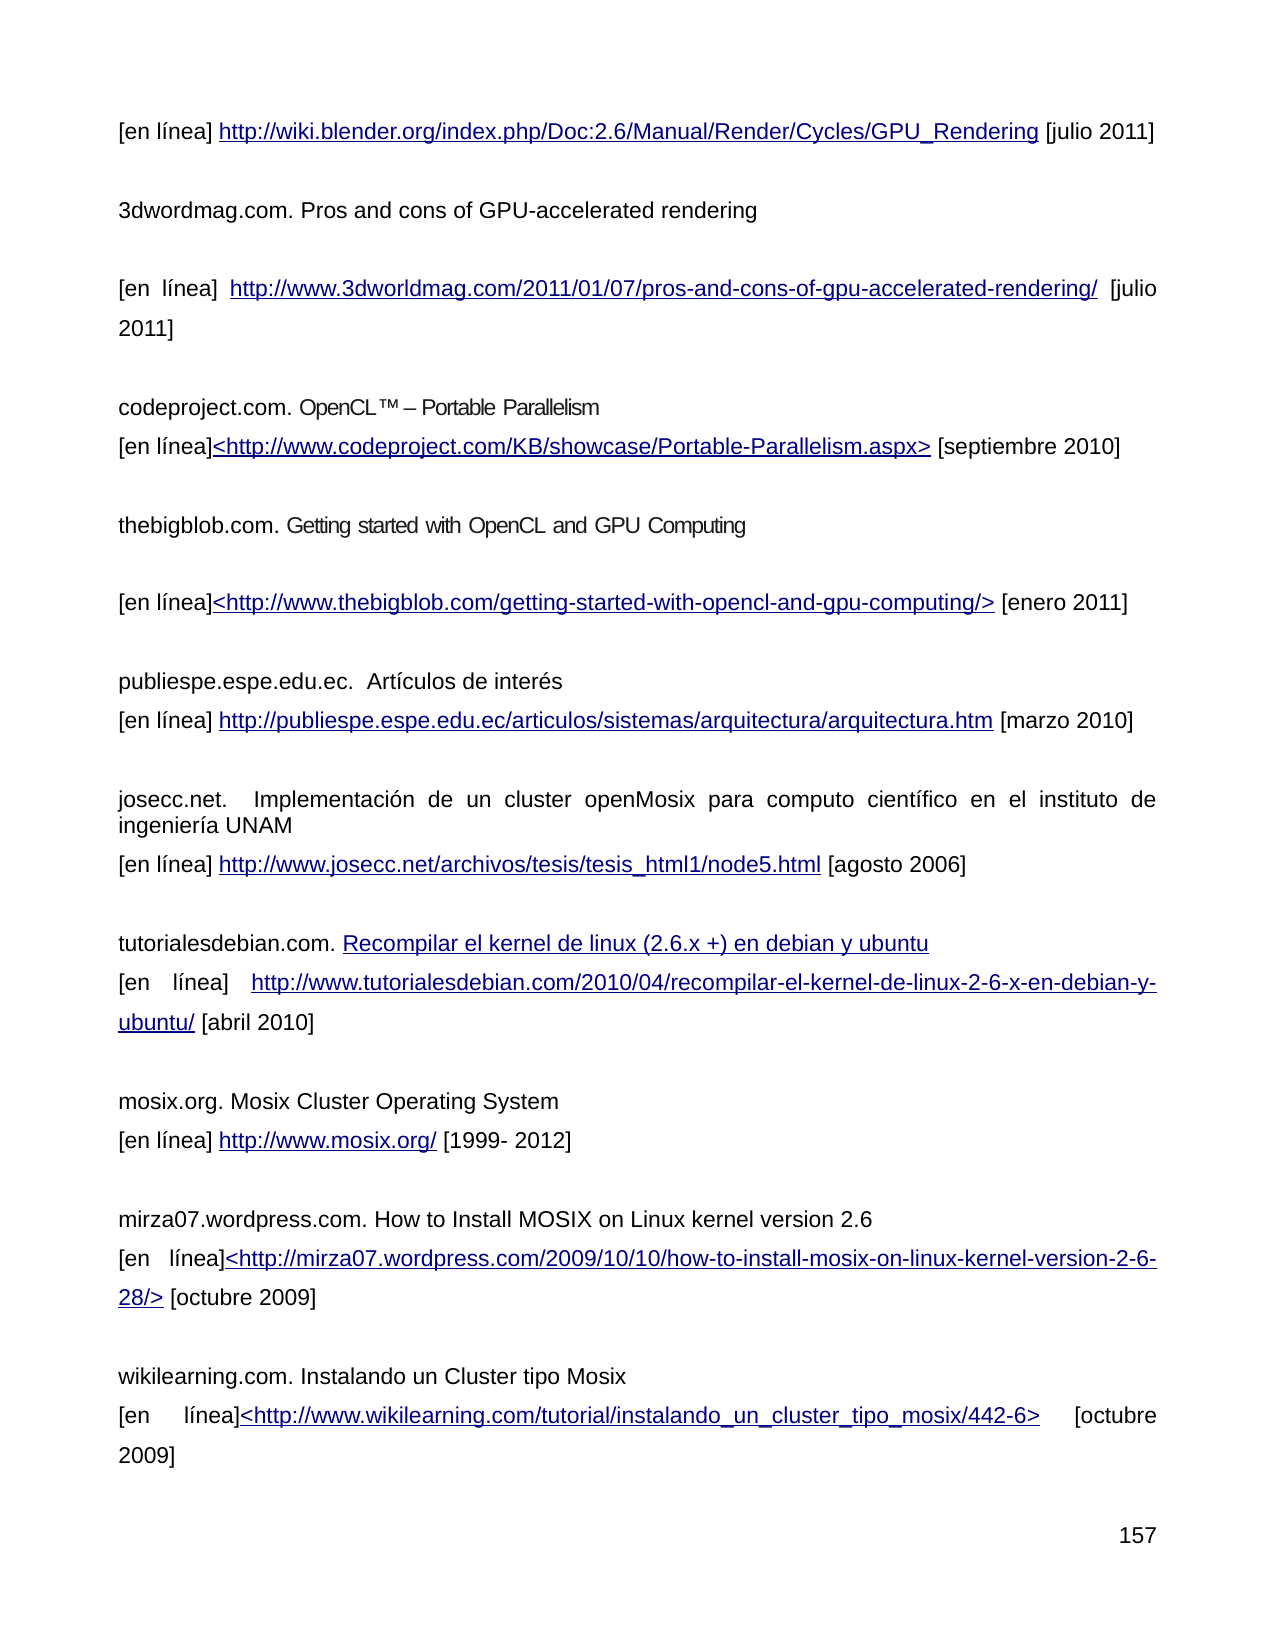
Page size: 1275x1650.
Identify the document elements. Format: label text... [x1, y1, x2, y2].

text 3dwordmag.com. Pros and cons of GPU-accelerated rendering [118, 197, 1157, 223]
text thebigblob.com. Getting started with OpenCL and GPU Computing [118, 512, 1157, 538]
text [en línea]<http://www.thebigblob.com/getting-started-with-opencl-and-gpu-computing/> [enero 2011] [118, 589, 1157, 616]
text wikilearning.com. Instalando un Cluster tipo Mosix [118, 1363, 1157, 1390]
text [en línea]<http://www.codeproject.com/KB/showcase/Portable-Parallelism.aspx> [septiembre 2010] [118, 433, 1157, 459]
text [en línea] http://www.mosix.org/ [1999- 2012] [118, 1127, 1157, 1153]
text [en línea] http://www.3dworldmag.com/2011/01/07/pros-and-cons-of-gpu-accelerated-rendering/ [julio 2011] [118, 275, 1157, 341]
text josecc.net. Implementación de un cluster openMosix para computo científico en el instituto de ingeniería UNAM [118, 786, 1157, 839]
text mirza07.wordpress.com. How to Install MOSIX on Linux kernel version 2.6 [118, 1206, 1157, 1232]
text [en línea]<http://www.wikilearning.com/tutorial/instalando_un_cluster_tipo_mosix/442-6> [octubre 2009] [118, 1402, 1157, 1468]
text mosix.org. Mosix Cluster Operating System [118, 1088, 1157, 1114]
text [en línea]<http://mirza07.wordpress.com/2009/10/10/how-to-install-mosix-on-linux-kernel-version-2-6-28/> [octubre 2009] [118, 1245, 1157, 1311]
text publiespe.espe.edu.ec. Artículos de interés [118, 668, 1157, 695]
text [en línea] http://www.tutorialesdebian.com/2010/04/recompilar-el-kernel-de-linux-2-6-x-en-debian-y-ubuntu/ [abril 2010] [118, 969, 1157, 1035]
text codeproject.com. OpenCL™ – Portable Parallelism [118, 394, 1157, 420]
text [en línea] http://www.josecc.net/archivos/tesis/tesis_html1/node5.html [agosto 2006] [118, 851, 1157, 878]
text tutorialesdebian.com. Recompilar el kernel de linux (2.6.x +) en debian y ubuntu [118, 930, 1157, 957]
text [en línea] http://publiespe.espe.edu.ec/articulos/sistemas/arquitectura/arquitectura.htm [marzo 2010] [118, 707, 1157, 733]
text [en línea] http://wiki.blender.org/index.php/Doc:2.6/Manual/Render/Cycles/GPU_Rendering [julio 2011] [118, 118, 1157, 144]
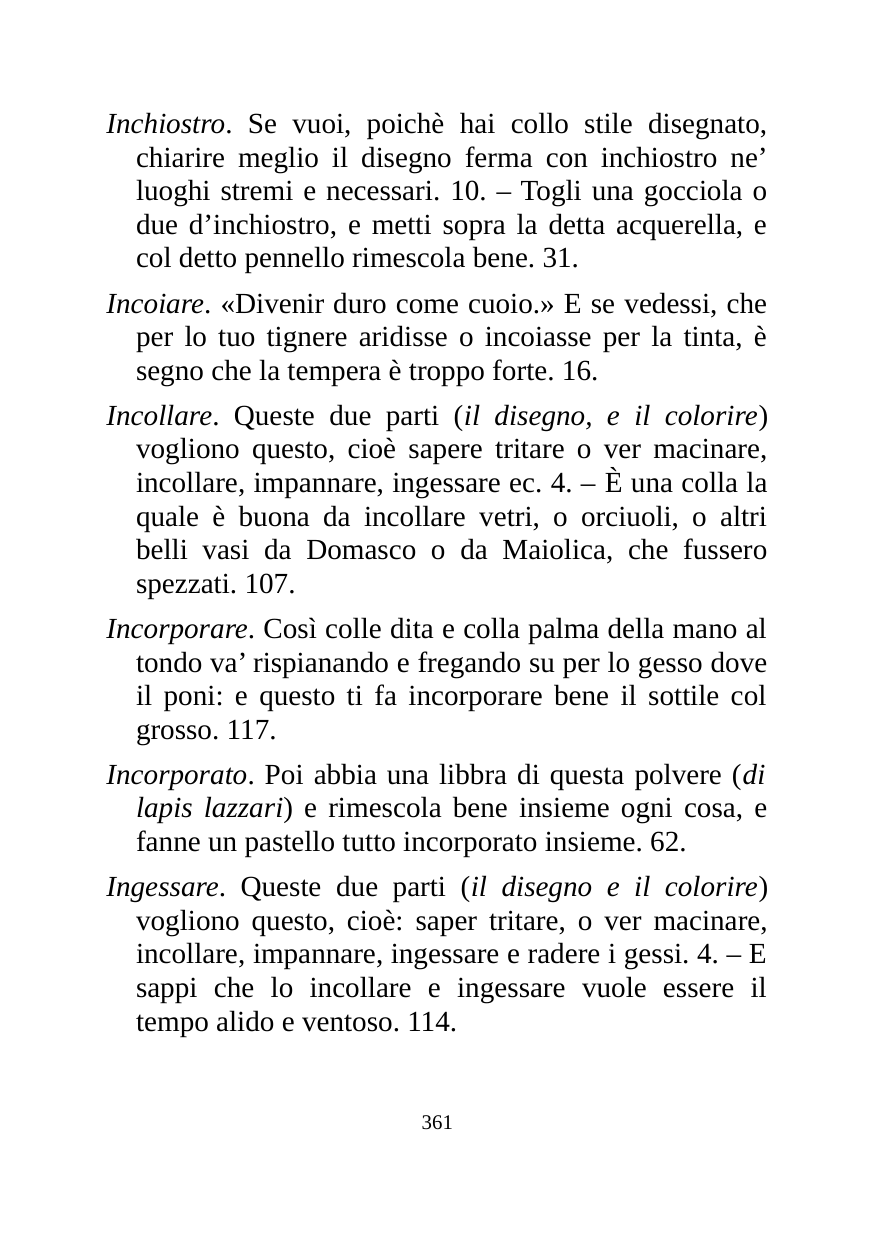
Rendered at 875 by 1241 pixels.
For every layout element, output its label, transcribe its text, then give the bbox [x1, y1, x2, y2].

text Incorporato. Poi abbia una libbra di questa polvere (di lapis lazzari) e rimescola bene insieme ogni cosa, e fanne un pastello tutto incorporato insieme. 62. [106, 757, 768, 858]
text Inchiostro. Se vuoi, poichè hai collo stile disegnato, chiarire meglio il disegno ferma con inchiostro ne’ luoghi stremi e necessari. 10. – Togli una gocciola o due d’inchiostro, e metti sopra la detta acquerella, e col detto pennello rimescola bene. 31. [106, 106, 768, 274]
text Incollare. Queste due parti (il disegno, e il colorire) vogliono questo, cioè sapere tritare o ver macinare, incollare, impannare, ingessare ec. 4. – È una colla la quale è buona da incollare vetri, o orciuoli, o altri belli vasi da Domasco o da Maiolica, che fussero spezzati. 107. [106, 398, 768, 599]
text Incoiare. «Divenir duro come cuoio.» E se vedessi, che per lo tuo tignere aridisse o incoiasse per la tinta, è segno che la tempera è troppo forte. 16. [106, 286, 768, 386]
text Ingessare. Queste due parti (il disegno e il colorire) vogliono questo, cioè: saper tritare, o ver macinare, incollare, impannare, ingessare e radere i gessi. 4. – E sappi che lo incollare e ingessare vuole essere il tempo alido e ventoso. 114. [106, 869, 768, 1037]
text Incorporare. Così colle dita e colla palma della mano al tondo va’ rispianando e fregando su per lo gesso dove il poni: e questo ti fa incorporare bene il sottile col grosso. 117. [106, 611, 768, 745]

**PROBLEM**
Starting at the line above that holds "433, 1157, 459]", repeat every line exactly down to and including the line that holds "text Incorporato. Poi", then stop. Do not carry over any pictures.

**RESPONSE BOX**
text [en línea]<http://www.codeproject.com/KB/showcase/Portable-Parallelism.aspx> [septiembre 2010] [118, 433, 1157, 459]
text [en línea] http://www.mosix.org/ [1999- 2012] [118, 1127, 1157, 1153]
text [en línea] http://www.3dworldmag.com/2011/01/07/pros-and-cons-of-gpu-accelerated-rendering/ [julio 2011] [118, 275, 1157, 341]
text josecc.net. Implementación de un cluster openMosix para computo científico en el instituto de ingeniería UNAM [118, 786, 1157, 839]
text mirza07.wordpress.com. How to Install MOSIX on Linux kernel version 2.6 [118, 1206, 1157, 1232]
text [en línea]<http://www.wikilearning.com/tutorial/instalando_un_cluster_tipo_mosix/442-6> [octubre 2009] [118, 1402, 1157, 1468]
text mosix.org. Mosix Cluster Operating System [118, 1088, 1157, 1114]
text [en línea]<http://mirza07.wordpress.com/2009/10/10/how-to-install-mosix-on-linux-kernel-version-2-6-28/> [octubre 2009] [118, 1245, 1157, 1311]
text publiespe.espe.edu.ec. Artículos de interés [118, 668, 1157, 695]
text [en línea] http://www.tutorialesdebian.com/2010/04/recompilar-el-kernel-de-linux-2-6-x-en-debian-y-ubuntu/ [abril 2010] [118, 969, 1157, 1035]
text codeproject.com. OpenCL™ – Portable Parallelism [118, 394, 1157, 420]
text [en línea] http://www.josecc.net/archivos/tesis/tesis_html1/node5.html [agosto 2006] [118, 851, 1157, 878]
text tutorialesdebian.com. Recompilar el kernel de linux (2.6.x +) en debian y ubuntu [118, 930, 1157, 957]
text [en línea] http://publiespe.espe.edu.ec/articulos/sistemas/arquitectura/arquitectura.htm [marzo 2010] [118, 707, 1157, 733]
text [en línea] http://wiki.blender.org/index.php/Doc:2.6/Manual/Render/Cycles/GPU_Rendering [julio 2011] [118, 118, 1157, 144]
Rendered at 875 by 1241 pixels.
For every layout element, output its label, transcribe its text, then give the bbox [x1, y1, x2, y2].

text Incorporato. Poi abbia una libbra di questa polvere (di lapis lazzari) e rimescola bene insieme ogni cosa, e fanne un pastello tutto incorporato insieme. 62. [106, 757, 768, 858]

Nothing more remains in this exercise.